What can be said about $E[1_A\mid\mathcal F]$?

Question

It is known that $E[X\mid 1_A]$ is of particularly nice form. What can be said about the form of $E[1_A\mid\mathcal{F}]$ for "general" $\mathcal{F}$? Is it true that $E[1_A\mid\mathcal{F}]=1_B$ for some $B\in \mathcal{F}$?

Answer 1

If $\Omega$ is a partition which consists of sets of positive measure, say $(S_i)_{i\in \Bbb N}$, with $S_i\in\mathcal F$, then $$E[\chi_A\mid\mathcal F]=\sum_{i\in\Bbb N}\mu(A\cap S_i)\chi_{S_i}\mbox{a.s.},$$ hence $E[\chi_A\mid\mathcal F]$ is not necessarily the characteristic function of a measurable set $B\in\mathcal F$. It's even not necessarily a simple function.

If $A$ is independent of $\mathcal F$, then $E[\chi_A\mid \mathcal F]=\mu(A)$ a.e. (in particular, not a characteristic function).

Answer 2

For every $A$ and $\mathcal F$, $E[1_A\mid\mathcal F]$ is $[0,1]$ valued.
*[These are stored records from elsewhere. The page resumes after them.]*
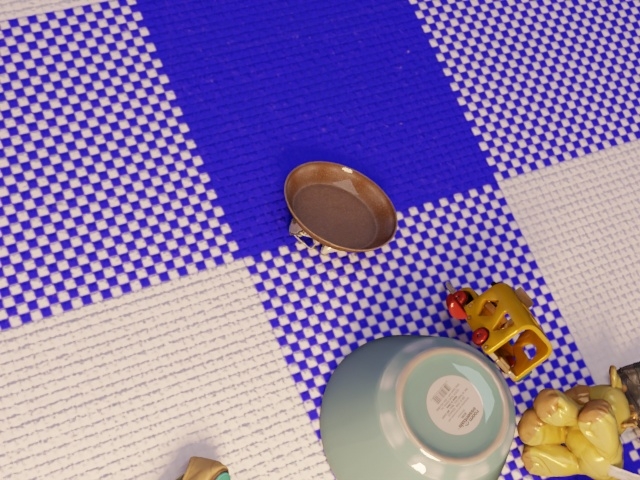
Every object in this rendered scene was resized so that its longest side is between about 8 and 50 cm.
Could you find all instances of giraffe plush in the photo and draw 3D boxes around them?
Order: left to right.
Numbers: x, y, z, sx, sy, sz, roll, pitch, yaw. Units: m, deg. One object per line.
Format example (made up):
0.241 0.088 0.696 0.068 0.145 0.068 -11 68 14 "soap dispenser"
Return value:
0.434 0.288 1.838 0.210 0.181 0.170 28 40 7 "giraffe plush"

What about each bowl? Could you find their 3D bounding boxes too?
0.168 0.268 1.741 0.312 0.163 0.311 7 66 -15 "bowl"

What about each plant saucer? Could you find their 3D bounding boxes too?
0.028 -0.047 1.872 0.199 0.036 0.198 16 42 -15 "plant saucer"

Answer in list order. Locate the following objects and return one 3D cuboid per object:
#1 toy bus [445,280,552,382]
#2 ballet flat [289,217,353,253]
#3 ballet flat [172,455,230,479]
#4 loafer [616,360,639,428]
0.287 0.120 1.816 0.104 0.191 0.202 -38 81 11 "toy bus"
0.000 0.000 1.873 0.114 0.041 0.041 24 62 -8 "ballet flat"
-0.214 0.403 1.614 0.073 0.080 0.232 22 56 23 "ballet flat"
0.539 0.289 1.927 0.061 0.062 0.170 -16 77 16 "loafer"
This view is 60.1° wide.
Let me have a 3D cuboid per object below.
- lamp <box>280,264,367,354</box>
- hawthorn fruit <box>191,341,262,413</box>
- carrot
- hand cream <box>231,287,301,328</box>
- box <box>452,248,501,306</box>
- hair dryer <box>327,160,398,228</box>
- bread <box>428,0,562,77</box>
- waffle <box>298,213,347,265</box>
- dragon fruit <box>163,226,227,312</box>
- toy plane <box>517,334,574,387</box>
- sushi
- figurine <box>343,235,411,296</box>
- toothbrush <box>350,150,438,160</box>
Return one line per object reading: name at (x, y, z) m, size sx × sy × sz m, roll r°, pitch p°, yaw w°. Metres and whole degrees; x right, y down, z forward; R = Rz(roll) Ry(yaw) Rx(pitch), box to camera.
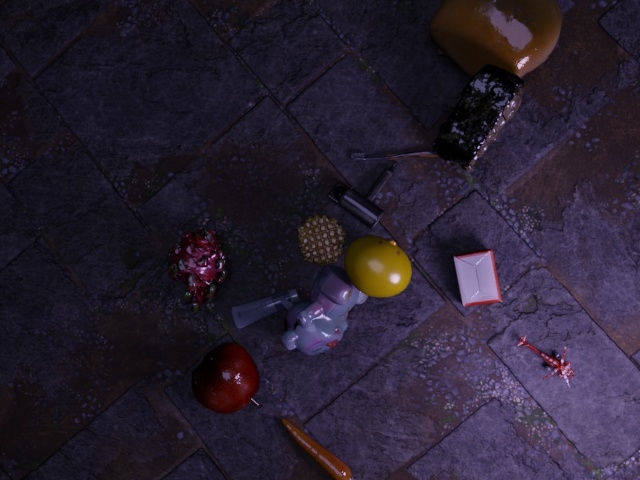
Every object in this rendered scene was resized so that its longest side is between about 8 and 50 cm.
lamp at (-0.010, 0.224, 1.829) m, size 0.247 × 0.247 × 0.301 m, roll 37°, pitch 106°, yaw 27°
hawthorn fruit at (-0.303, 0.495, 1.891) m, size 0.230 × 0.210 × 0.266 m, roll -43°, pitch 97°, yaw -2°
carrot at (-0.011, 0.733, 1.906) m, size 0.336 × 0.069 × 0.069 m, roll 37°, pitch 92°, yaw 11°
hand cream at (-0.195, 0.237, 1.964) m, size 0.255 × 0.048 × 0.079 m, roll -21°, pitch 80°, yaw 8°
box at (0.522, 0.122, 1.850) m, size 0.133 × 0.099 × 0.182 m, roll -12°, pitch 87°, yaw 10°
hair dryer at (0.173, -0.194, 1.935) m, size 0.196 × 0.078 × 0.248 m, roll 37°, pitch 83°, yaw 8°
bread at (0.588, -0.708, 1.809) m, size 0.348 × 0.253 × 0.376 m, roll -41°, pitch 84°, yaw 0°
waffle at (0.005, -0.002, 1.953) m, size 0.191 × 0.038 × 0.191 m, roll 0°, pitch 87°, yaw 8°
dragon fruit at (-0.422, 0.097, 1.935) m, size 0.198 × 0.218 × 0.272 m, roll -25°, pitch 89°, yaw 43°
toy plane at (0.741, 0.394, 1.822) m, size 0.194 × 0.077 × 0.126 m, roll 14°, pitch 85°, yaw 16°
sushi at (0.505, -0.384, 1.775) m, size 0.171 × 0.211 × 0.350 m, roll 40°, pitch 129°, yaw 13°
figurine at (0.191, 0.077, 1.773) m, size 0.215 × 0.344 × 0.187 m, roll 25°, pitch 96°, yaw 10°
toothbrush at (0.265, -0.297, 1.942) m, size 0.321 × 0.023 × 0.031 m, roll 1°, pitch 90°, yaw 8°
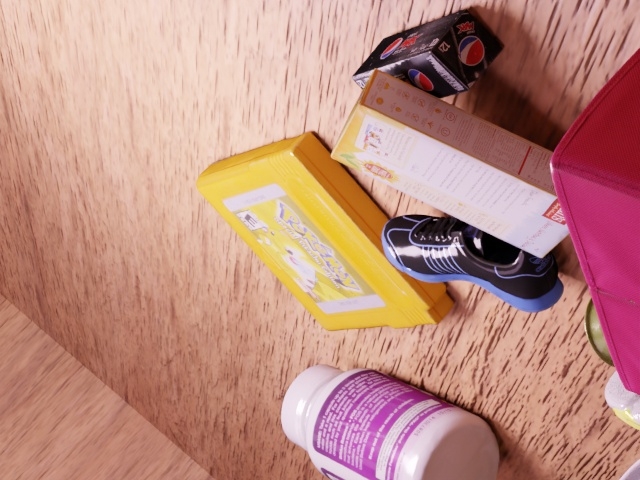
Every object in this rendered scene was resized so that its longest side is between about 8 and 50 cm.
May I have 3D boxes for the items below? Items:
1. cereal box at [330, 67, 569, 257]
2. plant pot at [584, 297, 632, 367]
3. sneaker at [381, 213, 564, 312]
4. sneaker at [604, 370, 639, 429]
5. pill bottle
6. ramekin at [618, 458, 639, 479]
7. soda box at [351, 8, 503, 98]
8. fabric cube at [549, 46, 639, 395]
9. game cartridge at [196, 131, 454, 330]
[{"bbox_3d":[0.137,-0.070,1.630,0.240,0.047,0.173,25,163,-3],"label":"cereal box"},{"bbox_3d":[0.316,0.077,1.662,0.083,0.083,0.079,48,147,-12],"label":"plant pot"},{"bbox_3d":[0.154,0.001,1.808,0.232,0.081,0.090,18,146,37],"label":"sneaker"},{"bbox_3d":[0.396,0.193,1.707,0.240,0.091,0.126,14,145,52],"label":"sneaker"},{"bbox_3d":[0.087,0.273,2.343,0.301,0.169,0.169,21,151,45],"label":"pill bottle"},{"bbox_3d":[0.402,0.317,1.792,0.109,0.207,0.207,44,162,-29],"label":"ramekin"},{"bbox_3d":[0.097,-0.166,1.592,0.053,0.060,0.169,45,161,-16],"label":"soda box"},{"bbox_3d":[0.350,-0.014,1.137,0.258,0.254,0.259,25,153,41],"label":"fabric cube"},{"bbox_3d":[0.000,0.000,2.128,0.285,0.053,0.323,48,161,-13],"label":"game cartridge"}]
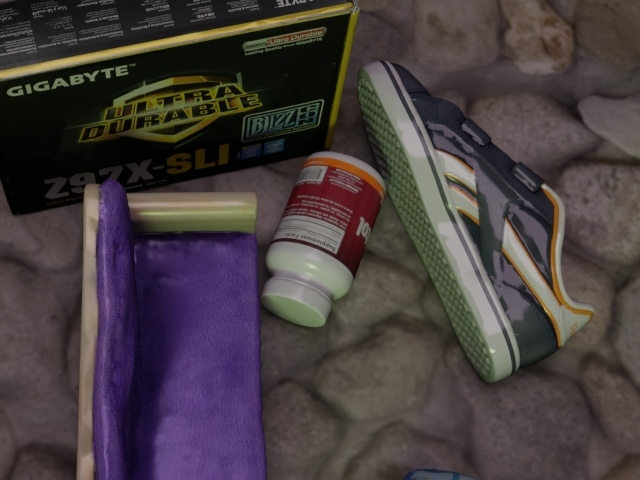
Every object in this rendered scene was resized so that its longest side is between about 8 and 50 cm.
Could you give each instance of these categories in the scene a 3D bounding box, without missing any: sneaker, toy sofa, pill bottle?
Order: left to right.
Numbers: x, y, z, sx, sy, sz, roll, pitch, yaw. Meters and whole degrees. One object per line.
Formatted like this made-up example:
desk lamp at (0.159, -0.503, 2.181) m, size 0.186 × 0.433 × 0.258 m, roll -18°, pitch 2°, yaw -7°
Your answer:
toy sofa at (-0.121, 0.131, 1.058) m, size 0.150 × 0.177 × 0.362 m, roll -1°, pitch 67°, yaw -5°
pill bottle at (0.000, 0.000, 1.172) m, size 0.086 × 0.086 × 0.152 m, roll 20°, pitch 68°, yaw 3°
sneaker at (0.145, -0.035, 1.183) m, size 0.127 × 0.126 × 0.321 m, roll -23°, pitch 82°, yaw -10°

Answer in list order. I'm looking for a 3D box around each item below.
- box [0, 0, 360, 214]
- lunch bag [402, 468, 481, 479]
box at (-0.141, -0.136, 1.123) m, size 0.322 × 0.257 × 0.079 m, roll -12°, pitch 70°, yaw -11°
lunch bag at (0.152, 0.286, 1.027) m, size 0.219 × 0.090 × 0.176 m, roll 17°, pitch 26°, yaw -1°

Conversely, every $[0,1]$ valued random variable can be realized as $E[1_A\mid\mathcal F]$ for some $A$ and $\mathcal F$.

Direct part: $0\leqslant 1_A\leqslant1$ almost surely hence $0=E[0\mid\mathcal F]\leqslant E[1_A\mid\mathcal F]\leqslant E[1\mid\mathcal F]=1$ almost surely.

Converse part: fix some $[0,1]$ valued random variable $X$ with CDF $F:x\mapsto P(X\leqslant x)$. Consider $\Omega=[0,1]^2$ endowed with its Borel sigma-algebra, $\mathcal F$ the sigma-algebra generated by the second projection and $A=\{(x,y)\in\Omega\mid y\geqslant F(x)\}$. Then $Z=E[1_A\mid \mathcal F]$ is such that $Z(x,y)$ depends on $y$ only, and one easily checks that $Z(x,y)=\mathrm{Leb}\{z\mid y\geqslant F(z)\}$ for almost every $x$. Hence, the properties $Z(x,y)\leqslant z$ and $y\leqslant F(z)$ are equivalent. In particular, $P[Z\leqslant z]=F(z)$.